To test an instrument is biased or not, we measure a standard sample (4.55 mg/kg) 5 times. And at each time, the observation is made independently. The readings are as follows:

4.28, 4.40, 4.42, 4.35, 4.37

  • 1.1 Check the normality of the sample

  • 1.2 Do you use a Z-test or a t-test?

  • 1.3 What is the H0 and H1?

  • 1.4 Do you use one-sided or two-sided p-value?

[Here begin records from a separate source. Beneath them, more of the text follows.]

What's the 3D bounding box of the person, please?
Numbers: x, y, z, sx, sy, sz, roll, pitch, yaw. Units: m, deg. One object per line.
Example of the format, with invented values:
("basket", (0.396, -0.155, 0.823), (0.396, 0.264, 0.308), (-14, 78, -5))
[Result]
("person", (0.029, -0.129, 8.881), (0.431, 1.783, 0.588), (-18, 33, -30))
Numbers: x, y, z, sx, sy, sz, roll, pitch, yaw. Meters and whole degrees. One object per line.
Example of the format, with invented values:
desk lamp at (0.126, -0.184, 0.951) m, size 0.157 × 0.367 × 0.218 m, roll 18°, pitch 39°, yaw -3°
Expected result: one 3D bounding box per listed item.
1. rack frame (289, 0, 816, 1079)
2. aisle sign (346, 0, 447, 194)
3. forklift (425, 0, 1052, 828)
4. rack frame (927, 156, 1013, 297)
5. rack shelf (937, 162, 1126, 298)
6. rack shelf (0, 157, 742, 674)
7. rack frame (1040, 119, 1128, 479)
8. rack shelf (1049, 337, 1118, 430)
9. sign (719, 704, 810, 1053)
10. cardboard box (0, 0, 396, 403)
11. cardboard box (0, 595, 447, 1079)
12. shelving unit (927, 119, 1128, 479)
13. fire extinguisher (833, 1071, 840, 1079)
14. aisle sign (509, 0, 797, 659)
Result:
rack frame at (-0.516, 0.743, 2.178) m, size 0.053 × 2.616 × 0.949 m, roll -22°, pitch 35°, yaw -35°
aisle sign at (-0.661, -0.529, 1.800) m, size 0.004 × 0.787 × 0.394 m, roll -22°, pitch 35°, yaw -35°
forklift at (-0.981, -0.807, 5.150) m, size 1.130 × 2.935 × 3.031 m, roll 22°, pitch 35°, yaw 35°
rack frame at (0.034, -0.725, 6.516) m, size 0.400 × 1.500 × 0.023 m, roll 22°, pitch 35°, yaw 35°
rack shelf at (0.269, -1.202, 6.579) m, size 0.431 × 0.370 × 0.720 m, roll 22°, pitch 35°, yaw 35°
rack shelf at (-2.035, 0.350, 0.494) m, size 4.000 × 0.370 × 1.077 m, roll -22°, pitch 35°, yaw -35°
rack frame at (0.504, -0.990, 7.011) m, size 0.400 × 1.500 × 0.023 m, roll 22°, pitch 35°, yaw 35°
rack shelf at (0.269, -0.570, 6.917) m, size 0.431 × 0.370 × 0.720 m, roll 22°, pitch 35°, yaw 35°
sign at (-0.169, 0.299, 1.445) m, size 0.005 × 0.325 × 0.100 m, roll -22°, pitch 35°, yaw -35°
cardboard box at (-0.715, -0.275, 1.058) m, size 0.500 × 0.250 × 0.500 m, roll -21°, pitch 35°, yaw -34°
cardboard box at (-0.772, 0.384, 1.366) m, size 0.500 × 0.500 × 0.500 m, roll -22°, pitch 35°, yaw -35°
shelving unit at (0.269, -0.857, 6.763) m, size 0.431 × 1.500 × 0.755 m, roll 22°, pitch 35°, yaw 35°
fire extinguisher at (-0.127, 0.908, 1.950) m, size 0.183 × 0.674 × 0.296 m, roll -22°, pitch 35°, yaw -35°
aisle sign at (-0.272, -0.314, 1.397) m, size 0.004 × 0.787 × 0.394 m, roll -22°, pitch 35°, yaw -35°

  • 1.5 Is the instrument biased or not?

Exercise #2

A student thinks people consume more energy when temperature is higher. To test this hypothesis, the student collects monthly energy costs for families from the previous year when temperature was 0.7 degree lower than the current year, and gets the mean cost per month was 200 RMB. The student then randomly samples 20 families and records their energy costs for the current year as follows:

199, 202, 202, 198, 196, 197, 201, 203, 198, 204,

201, 203, 201, 203, 203, 202, 197, 200, 201, 197

Do the observations suppose the student’s hypothesis?